= Task instructions =
What is needed is every line, exactly as given, from the line containing "Output: a JSON" through the end of the data below.

(Source data begins)

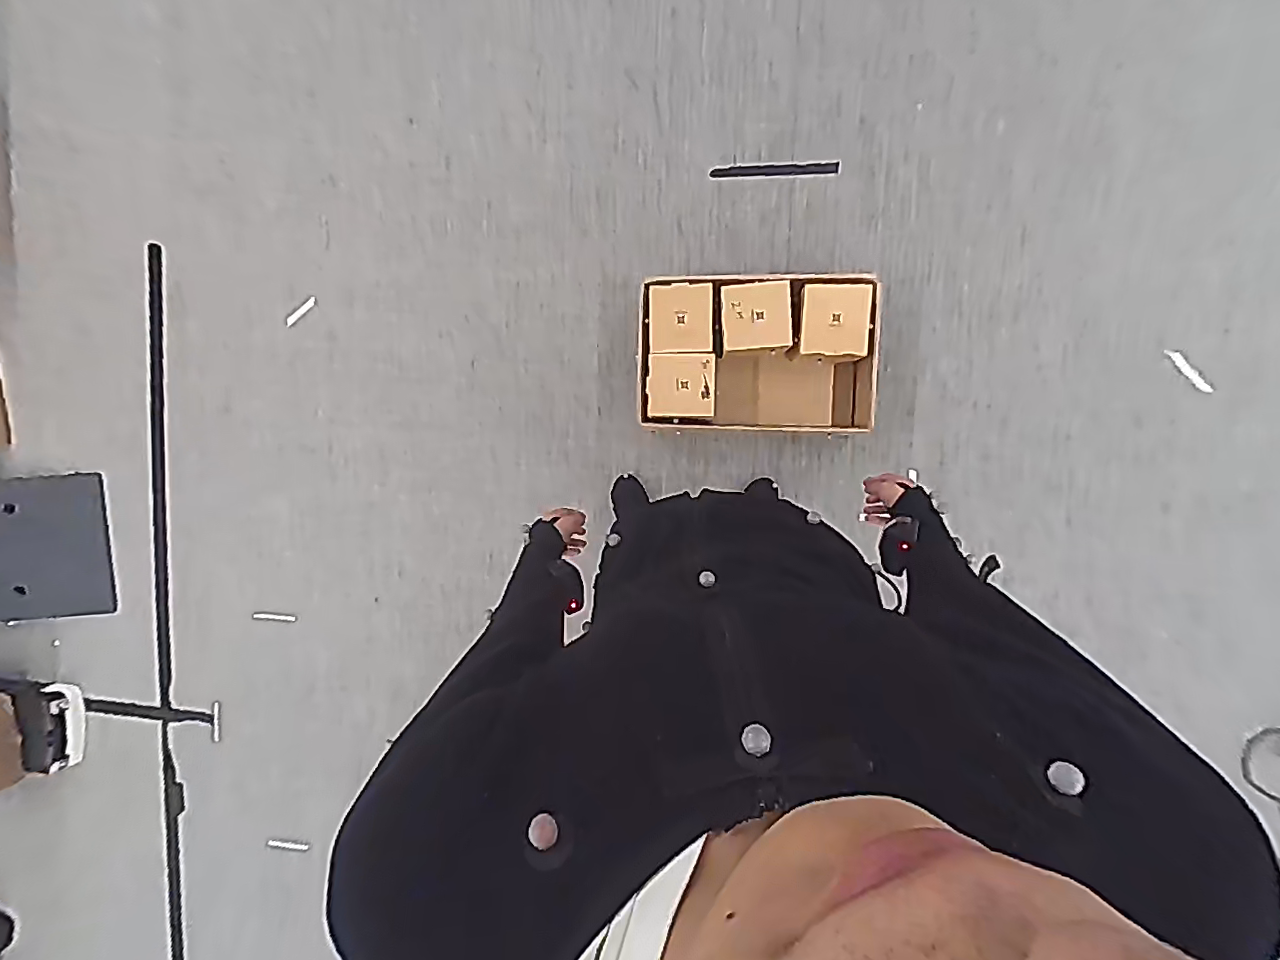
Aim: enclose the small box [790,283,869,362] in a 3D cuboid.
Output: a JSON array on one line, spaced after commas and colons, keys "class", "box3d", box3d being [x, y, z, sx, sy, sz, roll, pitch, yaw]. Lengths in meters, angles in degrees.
[{"class": "small box", "box3d": [0.496, -0.413, 1.437, 0.168, 0.176, 0.179, 3, 97, 8]}]

(Source data ends)

= Solution =
Output: a JSON array on one line, spaced after commas and colons, keys "class", "box3d", box3d being [x, y, z, sx, sy, sz, roll, pitch, yaw]. Lengths in meters, angles in degrees.
[{"class": "small box", "box3d": [0.496, -0.413, 1.437, 0.168, 0.176, 0.179, 3, 97, 8]}]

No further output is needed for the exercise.